Only one stretch of the data is wanted: the line containing "(310.9947, 65.724), dxfattribs=at)", the line containing "for name, p", and every line between them, copied exactly.
Material provided START
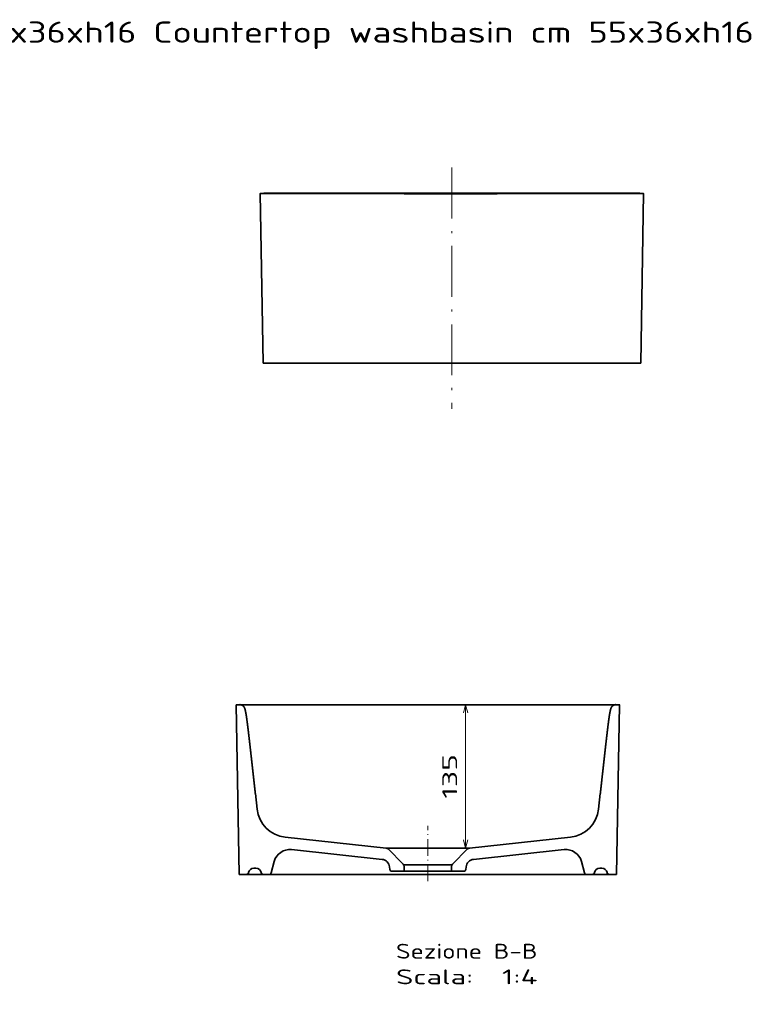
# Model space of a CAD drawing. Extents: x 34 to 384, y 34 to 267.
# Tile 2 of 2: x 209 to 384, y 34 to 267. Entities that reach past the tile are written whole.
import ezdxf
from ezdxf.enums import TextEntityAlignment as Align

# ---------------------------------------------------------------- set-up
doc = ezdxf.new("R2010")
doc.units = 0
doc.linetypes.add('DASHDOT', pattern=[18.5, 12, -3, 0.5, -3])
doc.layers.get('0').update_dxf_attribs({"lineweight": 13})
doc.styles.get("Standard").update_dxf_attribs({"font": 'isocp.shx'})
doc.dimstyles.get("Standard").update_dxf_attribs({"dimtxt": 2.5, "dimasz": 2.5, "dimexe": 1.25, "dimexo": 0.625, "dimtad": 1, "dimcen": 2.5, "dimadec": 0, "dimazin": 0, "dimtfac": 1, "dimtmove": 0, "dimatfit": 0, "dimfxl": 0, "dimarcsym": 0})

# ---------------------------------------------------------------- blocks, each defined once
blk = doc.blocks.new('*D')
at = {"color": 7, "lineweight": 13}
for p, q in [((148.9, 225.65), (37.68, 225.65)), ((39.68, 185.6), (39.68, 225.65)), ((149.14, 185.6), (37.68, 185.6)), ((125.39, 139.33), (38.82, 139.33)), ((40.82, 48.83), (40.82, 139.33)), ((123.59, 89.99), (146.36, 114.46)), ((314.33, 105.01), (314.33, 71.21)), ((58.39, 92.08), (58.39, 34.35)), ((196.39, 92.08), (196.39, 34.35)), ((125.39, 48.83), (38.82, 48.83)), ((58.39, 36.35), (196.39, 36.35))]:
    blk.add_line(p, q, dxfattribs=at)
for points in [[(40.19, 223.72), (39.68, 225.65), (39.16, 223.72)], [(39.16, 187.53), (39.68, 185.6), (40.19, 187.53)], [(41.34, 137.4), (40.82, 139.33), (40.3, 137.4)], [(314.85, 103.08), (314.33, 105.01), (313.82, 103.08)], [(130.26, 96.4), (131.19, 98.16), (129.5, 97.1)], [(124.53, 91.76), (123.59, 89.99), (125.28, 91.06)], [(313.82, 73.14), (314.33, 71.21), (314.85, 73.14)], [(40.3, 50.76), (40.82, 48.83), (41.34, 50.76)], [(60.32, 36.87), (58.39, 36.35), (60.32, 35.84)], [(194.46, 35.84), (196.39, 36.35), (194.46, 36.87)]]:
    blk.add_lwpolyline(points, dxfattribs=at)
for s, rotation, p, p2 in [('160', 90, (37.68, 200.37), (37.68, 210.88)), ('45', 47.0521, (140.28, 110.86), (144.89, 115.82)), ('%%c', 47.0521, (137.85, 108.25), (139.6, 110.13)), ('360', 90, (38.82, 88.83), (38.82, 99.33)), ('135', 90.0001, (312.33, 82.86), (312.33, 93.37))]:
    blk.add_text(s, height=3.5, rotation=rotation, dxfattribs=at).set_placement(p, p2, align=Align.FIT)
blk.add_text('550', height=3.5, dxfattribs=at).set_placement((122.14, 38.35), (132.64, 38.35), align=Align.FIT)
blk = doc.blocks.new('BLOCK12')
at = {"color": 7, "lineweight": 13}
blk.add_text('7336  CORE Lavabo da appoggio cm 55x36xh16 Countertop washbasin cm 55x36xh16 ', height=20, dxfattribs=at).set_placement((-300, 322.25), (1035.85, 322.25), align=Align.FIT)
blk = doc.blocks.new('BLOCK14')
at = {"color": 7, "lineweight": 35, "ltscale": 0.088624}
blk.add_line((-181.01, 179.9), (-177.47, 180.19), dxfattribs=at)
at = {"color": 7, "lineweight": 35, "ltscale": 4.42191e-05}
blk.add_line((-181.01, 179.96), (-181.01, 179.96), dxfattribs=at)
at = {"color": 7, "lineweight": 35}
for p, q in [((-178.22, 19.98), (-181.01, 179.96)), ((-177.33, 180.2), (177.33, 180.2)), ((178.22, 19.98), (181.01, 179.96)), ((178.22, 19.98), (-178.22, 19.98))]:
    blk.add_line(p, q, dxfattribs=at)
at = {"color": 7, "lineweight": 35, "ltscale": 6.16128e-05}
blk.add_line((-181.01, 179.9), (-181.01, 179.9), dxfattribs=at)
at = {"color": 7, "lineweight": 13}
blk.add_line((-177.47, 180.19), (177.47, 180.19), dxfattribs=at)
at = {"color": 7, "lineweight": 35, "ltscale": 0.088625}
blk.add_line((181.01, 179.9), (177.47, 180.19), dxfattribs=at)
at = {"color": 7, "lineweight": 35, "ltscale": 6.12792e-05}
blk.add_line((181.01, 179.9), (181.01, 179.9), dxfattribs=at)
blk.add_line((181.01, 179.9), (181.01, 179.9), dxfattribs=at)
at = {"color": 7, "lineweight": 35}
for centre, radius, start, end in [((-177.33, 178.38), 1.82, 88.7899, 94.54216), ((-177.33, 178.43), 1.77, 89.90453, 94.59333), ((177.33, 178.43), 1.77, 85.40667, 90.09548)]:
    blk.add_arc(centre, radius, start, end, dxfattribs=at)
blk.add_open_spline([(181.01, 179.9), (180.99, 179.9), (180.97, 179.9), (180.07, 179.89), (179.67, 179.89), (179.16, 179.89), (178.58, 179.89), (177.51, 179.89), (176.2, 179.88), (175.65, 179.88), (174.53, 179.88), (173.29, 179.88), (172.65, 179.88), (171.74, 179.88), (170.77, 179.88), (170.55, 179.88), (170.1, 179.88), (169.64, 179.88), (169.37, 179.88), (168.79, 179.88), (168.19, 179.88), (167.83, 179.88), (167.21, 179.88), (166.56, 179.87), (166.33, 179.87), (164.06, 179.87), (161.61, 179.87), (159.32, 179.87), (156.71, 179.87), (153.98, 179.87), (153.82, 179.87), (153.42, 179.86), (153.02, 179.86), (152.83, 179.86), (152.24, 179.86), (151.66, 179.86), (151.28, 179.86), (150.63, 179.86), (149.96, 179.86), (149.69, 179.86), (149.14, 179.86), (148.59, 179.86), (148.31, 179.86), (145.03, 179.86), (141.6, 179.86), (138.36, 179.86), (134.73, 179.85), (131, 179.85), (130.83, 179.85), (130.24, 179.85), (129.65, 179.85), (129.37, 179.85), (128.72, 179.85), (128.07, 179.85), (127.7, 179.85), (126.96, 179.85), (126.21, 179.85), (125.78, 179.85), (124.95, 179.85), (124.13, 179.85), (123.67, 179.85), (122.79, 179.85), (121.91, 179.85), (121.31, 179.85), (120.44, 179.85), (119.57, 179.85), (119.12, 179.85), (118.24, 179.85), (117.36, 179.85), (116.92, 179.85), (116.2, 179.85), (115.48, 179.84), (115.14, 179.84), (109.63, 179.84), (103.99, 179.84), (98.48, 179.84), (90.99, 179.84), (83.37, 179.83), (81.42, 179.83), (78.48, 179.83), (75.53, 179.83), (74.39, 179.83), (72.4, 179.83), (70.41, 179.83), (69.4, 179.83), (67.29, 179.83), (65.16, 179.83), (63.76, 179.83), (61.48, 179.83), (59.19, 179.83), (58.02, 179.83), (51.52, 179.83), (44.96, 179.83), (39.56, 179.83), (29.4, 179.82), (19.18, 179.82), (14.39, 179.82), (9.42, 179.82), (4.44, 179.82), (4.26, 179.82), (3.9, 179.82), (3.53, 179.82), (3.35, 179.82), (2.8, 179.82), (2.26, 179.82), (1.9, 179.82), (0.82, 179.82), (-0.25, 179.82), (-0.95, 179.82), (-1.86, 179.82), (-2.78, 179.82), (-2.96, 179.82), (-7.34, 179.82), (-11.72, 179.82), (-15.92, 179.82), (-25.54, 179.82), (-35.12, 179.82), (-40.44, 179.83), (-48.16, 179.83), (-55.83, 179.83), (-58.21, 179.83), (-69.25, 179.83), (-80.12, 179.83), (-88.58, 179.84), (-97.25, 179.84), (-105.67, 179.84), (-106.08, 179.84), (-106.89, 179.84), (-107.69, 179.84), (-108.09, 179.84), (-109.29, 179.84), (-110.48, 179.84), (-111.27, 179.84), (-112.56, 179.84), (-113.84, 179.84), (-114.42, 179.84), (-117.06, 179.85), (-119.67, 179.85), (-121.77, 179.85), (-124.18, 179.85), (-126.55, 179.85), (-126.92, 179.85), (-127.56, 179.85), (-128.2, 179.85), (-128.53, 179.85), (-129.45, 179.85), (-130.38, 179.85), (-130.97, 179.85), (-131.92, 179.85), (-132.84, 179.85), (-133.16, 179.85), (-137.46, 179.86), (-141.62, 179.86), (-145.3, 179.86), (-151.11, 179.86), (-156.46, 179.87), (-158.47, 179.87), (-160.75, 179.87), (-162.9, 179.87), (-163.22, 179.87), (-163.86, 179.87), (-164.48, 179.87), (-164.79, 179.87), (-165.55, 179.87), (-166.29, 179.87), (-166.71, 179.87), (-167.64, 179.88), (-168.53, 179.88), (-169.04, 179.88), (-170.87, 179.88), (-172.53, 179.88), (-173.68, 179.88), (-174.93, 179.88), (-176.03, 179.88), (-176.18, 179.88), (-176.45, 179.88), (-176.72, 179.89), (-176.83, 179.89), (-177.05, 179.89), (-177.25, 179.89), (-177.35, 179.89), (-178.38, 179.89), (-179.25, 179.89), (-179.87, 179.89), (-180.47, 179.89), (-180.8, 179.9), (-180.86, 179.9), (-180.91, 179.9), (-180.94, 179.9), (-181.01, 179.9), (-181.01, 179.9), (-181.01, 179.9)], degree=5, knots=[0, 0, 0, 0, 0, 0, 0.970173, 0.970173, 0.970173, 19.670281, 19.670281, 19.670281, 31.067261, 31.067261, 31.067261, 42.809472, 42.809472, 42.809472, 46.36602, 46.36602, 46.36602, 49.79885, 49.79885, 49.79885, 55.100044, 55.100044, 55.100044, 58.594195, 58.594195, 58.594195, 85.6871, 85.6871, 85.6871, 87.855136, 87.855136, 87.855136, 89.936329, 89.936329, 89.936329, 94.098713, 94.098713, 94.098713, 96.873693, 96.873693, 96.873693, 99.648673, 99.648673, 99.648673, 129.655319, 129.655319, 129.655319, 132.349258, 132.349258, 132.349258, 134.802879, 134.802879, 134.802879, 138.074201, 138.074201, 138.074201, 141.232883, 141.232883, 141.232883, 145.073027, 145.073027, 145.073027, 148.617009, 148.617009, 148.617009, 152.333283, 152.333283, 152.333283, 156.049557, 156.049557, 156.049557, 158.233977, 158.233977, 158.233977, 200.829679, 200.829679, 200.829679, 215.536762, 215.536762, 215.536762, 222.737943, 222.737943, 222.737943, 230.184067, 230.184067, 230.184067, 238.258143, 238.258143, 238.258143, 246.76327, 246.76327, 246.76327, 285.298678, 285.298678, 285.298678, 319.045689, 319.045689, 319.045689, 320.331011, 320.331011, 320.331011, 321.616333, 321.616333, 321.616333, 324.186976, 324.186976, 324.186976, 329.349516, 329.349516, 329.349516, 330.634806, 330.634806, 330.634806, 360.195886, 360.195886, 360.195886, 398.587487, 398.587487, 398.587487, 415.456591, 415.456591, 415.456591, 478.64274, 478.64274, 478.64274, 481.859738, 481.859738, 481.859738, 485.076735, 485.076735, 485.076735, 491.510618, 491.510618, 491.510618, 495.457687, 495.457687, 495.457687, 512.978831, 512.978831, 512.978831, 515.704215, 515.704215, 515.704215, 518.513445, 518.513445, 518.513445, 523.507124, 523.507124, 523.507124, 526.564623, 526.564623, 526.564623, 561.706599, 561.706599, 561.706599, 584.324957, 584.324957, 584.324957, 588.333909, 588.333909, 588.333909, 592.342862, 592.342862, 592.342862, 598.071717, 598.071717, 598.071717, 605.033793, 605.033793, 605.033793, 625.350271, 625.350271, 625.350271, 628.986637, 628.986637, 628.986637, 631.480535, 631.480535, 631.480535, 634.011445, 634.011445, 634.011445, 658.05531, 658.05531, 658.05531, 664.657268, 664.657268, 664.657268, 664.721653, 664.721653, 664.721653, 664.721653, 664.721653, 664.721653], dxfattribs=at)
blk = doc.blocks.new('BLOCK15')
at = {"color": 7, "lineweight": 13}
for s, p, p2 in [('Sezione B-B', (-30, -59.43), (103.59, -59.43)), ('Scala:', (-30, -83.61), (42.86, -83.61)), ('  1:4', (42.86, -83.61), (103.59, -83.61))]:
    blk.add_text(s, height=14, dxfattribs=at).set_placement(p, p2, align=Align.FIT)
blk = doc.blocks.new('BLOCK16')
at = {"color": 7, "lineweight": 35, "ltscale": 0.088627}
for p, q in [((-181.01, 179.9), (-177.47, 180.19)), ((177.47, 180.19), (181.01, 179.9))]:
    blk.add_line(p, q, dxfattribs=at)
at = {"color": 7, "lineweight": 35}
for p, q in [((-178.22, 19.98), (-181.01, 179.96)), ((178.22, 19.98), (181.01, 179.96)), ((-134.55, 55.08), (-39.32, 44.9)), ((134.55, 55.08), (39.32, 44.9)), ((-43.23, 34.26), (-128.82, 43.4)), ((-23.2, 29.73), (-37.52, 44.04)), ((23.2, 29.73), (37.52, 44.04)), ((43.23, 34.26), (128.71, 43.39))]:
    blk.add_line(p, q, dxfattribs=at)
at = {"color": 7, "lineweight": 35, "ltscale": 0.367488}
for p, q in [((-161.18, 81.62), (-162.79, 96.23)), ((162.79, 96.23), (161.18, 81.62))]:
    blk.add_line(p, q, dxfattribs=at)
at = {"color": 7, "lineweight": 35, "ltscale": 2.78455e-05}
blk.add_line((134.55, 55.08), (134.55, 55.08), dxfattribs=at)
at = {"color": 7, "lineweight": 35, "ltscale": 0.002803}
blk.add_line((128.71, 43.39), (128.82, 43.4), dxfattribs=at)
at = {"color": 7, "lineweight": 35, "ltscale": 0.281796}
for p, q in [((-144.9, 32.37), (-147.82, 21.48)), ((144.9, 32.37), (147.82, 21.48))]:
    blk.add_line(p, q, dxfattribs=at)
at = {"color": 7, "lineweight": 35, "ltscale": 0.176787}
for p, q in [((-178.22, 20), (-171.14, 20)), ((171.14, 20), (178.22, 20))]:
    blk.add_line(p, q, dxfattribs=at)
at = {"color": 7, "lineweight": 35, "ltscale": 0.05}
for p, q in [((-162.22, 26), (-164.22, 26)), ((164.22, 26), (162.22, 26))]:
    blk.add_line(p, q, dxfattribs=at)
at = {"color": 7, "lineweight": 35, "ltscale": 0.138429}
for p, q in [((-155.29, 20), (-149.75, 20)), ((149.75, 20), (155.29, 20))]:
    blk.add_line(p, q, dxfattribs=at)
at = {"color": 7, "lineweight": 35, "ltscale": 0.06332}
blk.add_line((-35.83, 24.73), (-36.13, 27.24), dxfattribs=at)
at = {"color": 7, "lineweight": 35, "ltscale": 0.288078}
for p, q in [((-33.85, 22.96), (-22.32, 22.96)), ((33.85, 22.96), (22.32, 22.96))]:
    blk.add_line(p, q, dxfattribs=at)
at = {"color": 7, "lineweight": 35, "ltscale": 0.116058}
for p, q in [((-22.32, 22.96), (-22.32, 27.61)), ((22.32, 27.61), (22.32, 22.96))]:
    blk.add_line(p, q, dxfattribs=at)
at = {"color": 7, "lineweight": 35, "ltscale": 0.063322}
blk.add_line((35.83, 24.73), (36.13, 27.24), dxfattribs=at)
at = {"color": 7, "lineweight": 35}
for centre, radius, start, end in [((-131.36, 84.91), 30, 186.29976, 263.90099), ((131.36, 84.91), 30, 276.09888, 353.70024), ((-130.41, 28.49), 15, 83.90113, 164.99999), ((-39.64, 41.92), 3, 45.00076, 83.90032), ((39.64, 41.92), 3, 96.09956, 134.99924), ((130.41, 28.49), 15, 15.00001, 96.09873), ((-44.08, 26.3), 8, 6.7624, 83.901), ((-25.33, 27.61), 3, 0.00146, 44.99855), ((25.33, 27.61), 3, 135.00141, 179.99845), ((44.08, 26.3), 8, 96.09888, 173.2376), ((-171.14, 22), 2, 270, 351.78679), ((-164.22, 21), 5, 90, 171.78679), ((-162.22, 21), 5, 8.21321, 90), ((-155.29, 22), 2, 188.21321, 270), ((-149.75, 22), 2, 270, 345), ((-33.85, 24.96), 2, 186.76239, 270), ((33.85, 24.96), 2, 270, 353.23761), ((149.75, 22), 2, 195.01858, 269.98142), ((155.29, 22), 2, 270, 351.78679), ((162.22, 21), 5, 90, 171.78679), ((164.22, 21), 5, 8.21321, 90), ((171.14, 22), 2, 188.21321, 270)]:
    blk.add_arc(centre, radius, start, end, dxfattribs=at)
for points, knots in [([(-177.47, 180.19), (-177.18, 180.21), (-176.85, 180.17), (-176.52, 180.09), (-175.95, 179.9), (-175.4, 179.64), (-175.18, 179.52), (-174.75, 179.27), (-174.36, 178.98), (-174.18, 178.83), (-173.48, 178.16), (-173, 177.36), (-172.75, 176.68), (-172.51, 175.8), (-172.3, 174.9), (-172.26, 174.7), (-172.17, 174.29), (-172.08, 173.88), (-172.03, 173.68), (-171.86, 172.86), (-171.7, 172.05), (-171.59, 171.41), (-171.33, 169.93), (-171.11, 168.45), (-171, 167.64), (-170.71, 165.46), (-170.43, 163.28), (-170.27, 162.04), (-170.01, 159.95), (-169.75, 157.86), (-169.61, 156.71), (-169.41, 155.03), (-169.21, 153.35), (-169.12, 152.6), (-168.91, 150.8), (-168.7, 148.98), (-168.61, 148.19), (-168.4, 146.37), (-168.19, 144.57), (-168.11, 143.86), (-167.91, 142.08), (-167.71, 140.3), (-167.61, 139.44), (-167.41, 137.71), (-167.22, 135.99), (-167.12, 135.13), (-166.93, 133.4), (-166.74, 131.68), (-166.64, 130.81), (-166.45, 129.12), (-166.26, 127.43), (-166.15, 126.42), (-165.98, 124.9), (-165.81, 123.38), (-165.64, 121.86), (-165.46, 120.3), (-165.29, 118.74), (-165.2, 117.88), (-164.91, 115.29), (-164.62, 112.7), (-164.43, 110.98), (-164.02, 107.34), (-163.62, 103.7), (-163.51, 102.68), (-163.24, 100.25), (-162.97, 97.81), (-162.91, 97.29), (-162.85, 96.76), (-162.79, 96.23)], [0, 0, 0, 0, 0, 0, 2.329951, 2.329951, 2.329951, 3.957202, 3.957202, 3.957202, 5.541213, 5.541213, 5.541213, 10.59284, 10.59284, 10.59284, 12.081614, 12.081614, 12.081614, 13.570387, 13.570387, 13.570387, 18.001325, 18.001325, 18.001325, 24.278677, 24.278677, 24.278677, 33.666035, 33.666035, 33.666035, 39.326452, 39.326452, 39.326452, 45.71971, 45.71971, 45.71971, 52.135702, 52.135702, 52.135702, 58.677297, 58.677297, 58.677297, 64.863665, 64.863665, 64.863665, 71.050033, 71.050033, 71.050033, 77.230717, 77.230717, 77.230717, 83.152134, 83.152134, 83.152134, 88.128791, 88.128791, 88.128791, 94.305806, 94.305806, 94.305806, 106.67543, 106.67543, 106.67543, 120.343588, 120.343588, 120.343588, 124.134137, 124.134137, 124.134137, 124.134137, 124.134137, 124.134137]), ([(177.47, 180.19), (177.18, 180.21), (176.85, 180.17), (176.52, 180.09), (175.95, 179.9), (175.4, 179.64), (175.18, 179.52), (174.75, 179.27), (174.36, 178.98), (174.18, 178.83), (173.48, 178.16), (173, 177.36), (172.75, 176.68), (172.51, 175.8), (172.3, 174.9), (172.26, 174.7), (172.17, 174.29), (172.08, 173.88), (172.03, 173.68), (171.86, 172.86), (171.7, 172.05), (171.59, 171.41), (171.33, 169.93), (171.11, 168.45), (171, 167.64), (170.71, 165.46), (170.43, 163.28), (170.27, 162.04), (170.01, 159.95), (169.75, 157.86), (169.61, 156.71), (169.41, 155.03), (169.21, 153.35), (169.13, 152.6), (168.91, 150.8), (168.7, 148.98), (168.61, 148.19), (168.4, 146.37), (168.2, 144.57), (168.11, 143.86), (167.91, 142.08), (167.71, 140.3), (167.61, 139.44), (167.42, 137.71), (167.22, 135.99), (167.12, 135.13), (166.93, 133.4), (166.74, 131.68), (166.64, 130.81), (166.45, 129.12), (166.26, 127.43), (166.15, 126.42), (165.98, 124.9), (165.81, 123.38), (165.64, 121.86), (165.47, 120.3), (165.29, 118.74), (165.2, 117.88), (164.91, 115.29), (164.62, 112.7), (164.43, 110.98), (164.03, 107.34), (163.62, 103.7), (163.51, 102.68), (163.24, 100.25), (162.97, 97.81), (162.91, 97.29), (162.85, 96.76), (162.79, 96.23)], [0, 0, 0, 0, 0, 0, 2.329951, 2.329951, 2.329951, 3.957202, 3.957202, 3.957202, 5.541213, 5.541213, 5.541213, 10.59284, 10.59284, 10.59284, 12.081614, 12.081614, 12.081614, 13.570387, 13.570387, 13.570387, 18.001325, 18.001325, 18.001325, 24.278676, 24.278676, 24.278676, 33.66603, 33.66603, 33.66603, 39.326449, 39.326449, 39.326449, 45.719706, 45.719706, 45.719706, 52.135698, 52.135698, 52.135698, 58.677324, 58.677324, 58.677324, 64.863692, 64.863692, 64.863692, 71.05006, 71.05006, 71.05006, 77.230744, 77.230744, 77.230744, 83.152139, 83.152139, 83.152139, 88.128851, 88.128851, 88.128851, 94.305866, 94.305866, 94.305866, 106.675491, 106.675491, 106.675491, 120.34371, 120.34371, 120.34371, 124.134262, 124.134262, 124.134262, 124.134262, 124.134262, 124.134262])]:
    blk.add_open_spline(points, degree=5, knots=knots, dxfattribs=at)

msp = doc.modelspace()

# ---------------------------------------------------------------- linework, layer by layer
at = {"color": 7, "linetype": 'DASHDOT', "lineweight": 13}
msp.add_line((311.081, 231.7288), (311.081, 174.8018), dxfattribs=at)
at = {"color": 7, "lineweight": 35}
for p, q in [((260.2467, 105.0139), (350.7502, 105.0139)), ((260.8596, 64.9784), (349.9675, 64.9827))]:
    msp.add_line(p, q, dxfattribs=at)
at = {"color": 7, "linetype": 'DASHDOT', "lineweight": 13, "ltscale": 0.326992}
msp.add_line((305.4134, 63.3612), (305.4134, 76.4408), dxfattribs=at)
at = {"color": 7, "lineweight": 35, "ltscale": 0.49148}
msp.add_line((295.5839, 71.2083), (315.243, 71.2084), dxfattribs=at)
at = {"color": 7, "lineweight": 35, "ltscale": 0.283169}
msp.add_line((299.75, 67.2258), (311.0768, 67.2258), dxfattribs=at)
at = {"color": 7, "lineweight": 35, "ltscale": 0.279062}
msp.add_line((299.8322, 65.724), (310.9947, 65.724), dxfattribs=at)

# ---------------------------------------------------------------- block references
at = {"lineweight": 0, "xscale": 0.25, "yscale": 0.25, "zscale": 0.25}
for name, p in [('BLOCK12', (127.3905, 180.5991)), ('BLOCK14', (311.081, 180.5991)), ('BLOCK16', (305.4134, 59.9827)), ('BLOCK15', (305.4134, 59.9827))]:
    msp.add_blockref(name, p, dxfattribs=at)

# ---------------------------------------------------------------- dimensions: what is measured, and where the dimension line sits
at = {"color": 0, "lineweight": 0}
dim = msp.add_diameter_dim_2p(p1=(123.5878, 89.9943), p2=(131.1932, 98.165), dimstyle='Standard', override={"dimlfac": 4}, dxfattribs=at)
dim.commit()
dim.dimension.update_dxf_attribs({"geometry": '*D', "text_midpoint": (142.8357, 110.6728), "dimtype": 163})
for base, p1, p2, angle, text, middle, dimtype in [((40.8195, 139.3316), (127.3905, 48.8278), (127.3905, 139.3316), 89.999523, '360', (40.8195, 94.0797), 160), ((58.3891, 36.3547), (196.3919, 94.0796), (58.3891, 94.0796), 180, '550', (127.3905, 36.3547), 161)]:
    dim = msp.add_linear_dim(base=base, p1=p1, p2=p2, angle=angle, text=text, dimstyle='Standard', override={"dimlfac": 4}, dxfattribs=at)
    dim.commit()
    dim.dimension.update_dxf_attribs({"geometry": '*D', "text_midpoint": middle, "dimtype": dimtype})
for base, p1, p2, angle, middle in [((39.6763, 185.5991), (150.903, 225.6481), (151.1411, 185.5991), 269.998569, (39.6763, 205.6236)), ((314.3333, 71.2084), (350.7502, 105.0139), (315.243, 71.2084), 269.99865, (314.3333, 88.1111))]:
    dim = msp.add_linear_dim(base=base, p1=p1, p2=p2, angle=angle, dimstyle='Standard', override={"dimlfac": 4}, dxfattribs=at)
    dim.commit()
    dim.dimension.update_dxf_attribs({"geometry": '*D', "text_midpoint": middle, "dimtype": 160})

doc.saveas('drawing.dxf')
Material provided END
* **Output**
msp.add_line((299.8322, 65.724), (310.9947, 65.724), dxfattribs=at)

# ---------------------------------------------------------------- block references
at = {"lineweight": 0, "xscale": 0.25, "yscale": 0.25, "zscale": 0.25}
for name, p in [('BLOCK12', (127.3905, 180.5991)), ('BLOCK14', (311.081, 180.5991)), ('BLOCK16', (305.4134, 59.9827)), ('BLOCK15', (305.4134, 59.9827))]:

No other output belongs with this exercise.